Dans leur mécanisme de survenue on privilégie actuellement un mécanisme par méthylation des promoteurs avec inactivation épigénique des gènes, analogue à celui observé dans les ACF, dont ils seraient donc directement issus (49) Des associations entre la méthylation de MGMT et les mutations ras, ont été observées (117).

1.2.2. De l’adénome « en dents de scie » au CCR MSI-H.

Cette séquence a pu être retrouvée essentiellement dans les CCR sporadiques, de phénotype MSI, avec perte d’expression de hMLH1, ou méthylation de hMLH1, ou

mutation de TGFβRII, IGFR2R, BAX.

- démonstration dans des polypes hyperplasiques de sous-clones dysplasiques avec le profil MSI-H ;

- fréquence accrue de polypes hyperplasiques dans les CCR MSI-H ; - phénotypes mucineux similaires ;

- les adénomes traditionnels n’ont pas le profil MSI-H ;

- on ne trouve pas le spectre mutationnel classique dans les CCR MSI-H.

1.2.3. De l’adénome « en dents de scie » au CCR MSI-L.

On peut trouver, dans l’adénome « en dents de scie », comme on les trouve dans le CCR MSI-L, des altérations sur le chromosome 1p, une grande fréquence de mutations du gène K-ras, une inactivation par méthylation du gène MGMT.

1.2.4. Adénomes modèle « de haut en bas ».

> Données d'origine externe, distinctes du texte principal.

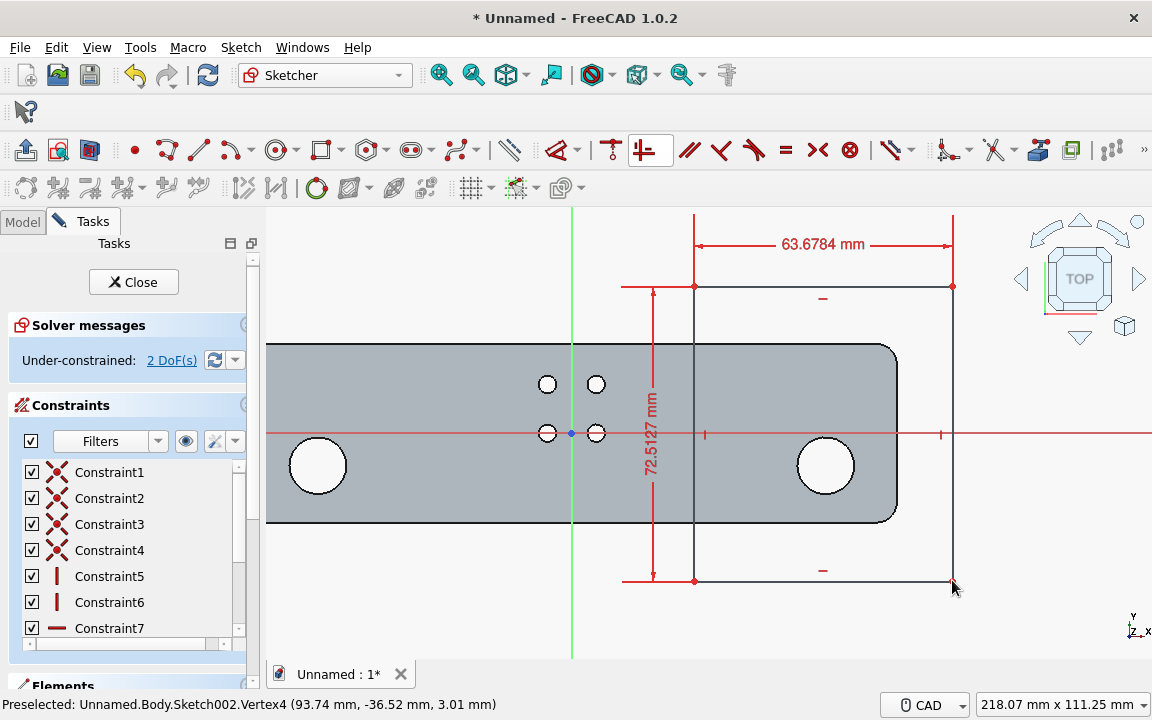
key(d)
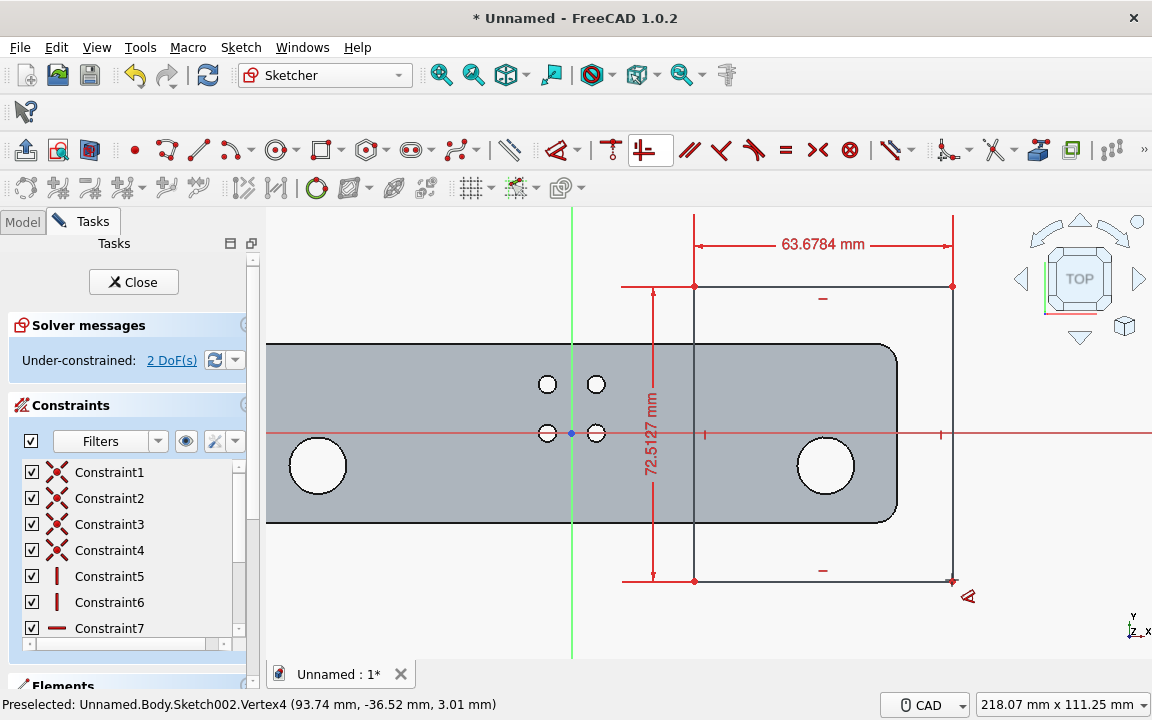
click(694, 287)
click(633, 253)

Il s’agit morphologiquement d’un bouton latéral sur une crypte parentale. Il naît à partir d’un tubule d’épithélium immature et proliférant qui va migrer pour « tomber » à partir de l’épithélium de surface. Il donne naissance à partir de sa base à un microadénome par croissance latérale. La répétition de cette séquence conduit à une croissance exophytique ou polypoïde. Ce modèle est fréquent dans les PAF. Il implique la mise en jeu de la voie de l’APC, mais également une dysrégulation de la prolifération et une inhibition de l’apoptose.

1.2.5. Adénomes modèle « de bas en haut ».

Ce modèle est retrouvé dans les adénomes « en dents de scie ». La zone proliférative reste dans la partie inférieure, les cellules maturent et cessent de se diviser dans leur migration vers le haut. Le mécanisme principal est l’inhibition de l’apoptose et le défaut d’exfoliation superficielle des cellules (ou anoïkis). On peut déjà à ce stade trouver des anomalies moléculaires (méthylation de hMLH1 et HPP1, MSI-L ou H, perte d’expression de hMLH1 etc…). Cette séquence est fréquente dans les CCR sporadiques, MSI-H ou MSI-L.